Landmark AI Ruling: Training on Copyrighted Books is Fair Use

US Judge Sides With AI Company on Copyrighted Training Data

In a significant legal development for the artificial intelligence industry, a United States federal judge has ruled that AI company Anthropic made “fair use” of copyrighted books when utilizing them to train its large language models (LLMs), including its chatbot, Claude.

The ruling by US District Judge William Alsup in San Francisco came in response to a class-action lawsuit filed by a group of authors, including Andrea Bartz, Charles Graeber, and Kirk Wallace Johnson. The authors alleged that Anthropic’s use of their literary works to train its AI models without obtaining consent constituted illegal “large-scale theft.”

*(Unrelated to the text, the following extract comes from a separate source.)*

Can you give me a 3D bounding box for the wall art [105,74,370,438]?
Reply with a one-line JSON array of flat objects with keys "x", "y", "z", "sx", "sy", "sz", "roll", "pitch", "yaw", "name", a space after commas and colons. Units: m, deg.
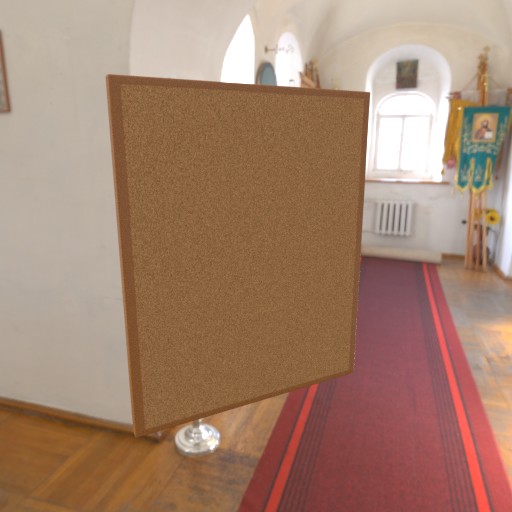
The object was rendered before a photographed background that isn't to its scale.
[{"x": 0.000, "y": 0.000, "z": 0.763, "sx": 0.452, "sy": 0.553, "sz": 0.022, "roll": -7, "pitch": 16, "yaw": -27, "name": "wall art"}]

Judge Alsup rejected the authors’ central argument regarding the training process itself. He determined that Anthropic’s use of the books to teach its AI system fell within the bounds of US copyright law’s “fair use” doctrine. This doctrine allows limited use of copyrighted materials for purposes such as commentary, criticism, education, or research, particularly when the new use is deemed “transformative.”

What is “Transformative Use” in This Context?

A key factor in Judge Alsup’s decision was the concept of “transformative use.” He accepted Anthropic’s argument that the output generated by the AI after training was “exceedingly transformative.”

Judge Alsup explained his reasoning, stating that “Like any reader aspiring to be a writer, Anthropic’s LLMs trained upon works not to race ahead and replicate or supplant them — but to turn a hard corner and create something different.” He viewed the AI’s learning process as analogous to a human studying existing works to develop their own distinct creative abilities, rather than simply copying or replacing the original content. This perspective suggests that the purpose of using the books for training was fundamentally different from the original purpose of the creative works themselves.

A Split Decision: Piracy Claims Remain

While the ruling on the training aspect is seen as a major victory for AI developers who rely on vast datasets, the decision was not entirely favorable to Anthropic.

Judge Alsup also found that Anthropic’s copying and storage of approximately seven million pirated books in a “central library” did infringe author copyrights and did not constitute fair use. He explicitly stated that the company had “no entitlement to use pirated copies for its central library.”

This means that although using the books for training was deemed fair use in this instance, the method by which Anthropic acquired and stored a large portion of that training data was potentially illegal.

As a result of this split ruling, Anthropic must still face a trial in December specifically focused on the allegations related to the theft and storage of these pirated works. The financial stakes are considerable; based on minimum statutory damages under copyright law ($750 per work), the potential liability for pirating seven million books could exceed $5 billion. This figure looms large when compared to Anthropic’s reported annualized revenue of around $3 billion.

Broader Implications and the Evolving Legal Landscape

This case is being watched closely across the tech and creative industries. It represents one of the first instances where a court has definitively applied the “fair use” doctrine to the core process of training AI models on copyrighted material. It could set a significant precedent for numerous other pending lawsuits against major AI companies like OpenAI, Meta, and Google, which face similar allegations regarding their training data practices.

However, the legal landscape surrounding AI and copyright remains complex and rapidly evolving. This ruling stands in contrast to decisions in other cases, such as Thomson Reuters v. ROSS Intelligence, where another judge rejected a fair use defense for AI training. In that case, the judge found the AI’s use not transformative because the resulting legal research product competed directly with the source material, applying a test from the Supreme Court’s Warhol decision that emphasizes whether the new use serves “substantially the same purpose” as the original.

The differing outcomes in these early cases highlight the ongoing debate about whether AI training should be considered inherently transformative under copyright law, especially when the AI’s ultimate output might compete with the original creators’ work. This legal uncertainty could eventually lead to the issue being considered by higher courts, potentially even the US Supreme Court.

The ruling also underscores the challenge for AI companies in acquiring training data legally. While training might be deemed fair use in some instances, the source and storage of that data are subject to strict copyright rules. This could push AI developers towards exploring licensing agreements with copyright holders as a safer alternative to relying solely on the fair use defense and public or potentially pirated datasets.

The debate over generative AI’s impact on creative fields continues fiercely – questioning whether it will foster new creativity or facilitate the mass production of content that undermines human artists. This ruling provides a nuanced perspective, separating the legality of the training process from the legality of the data acquisition and storage.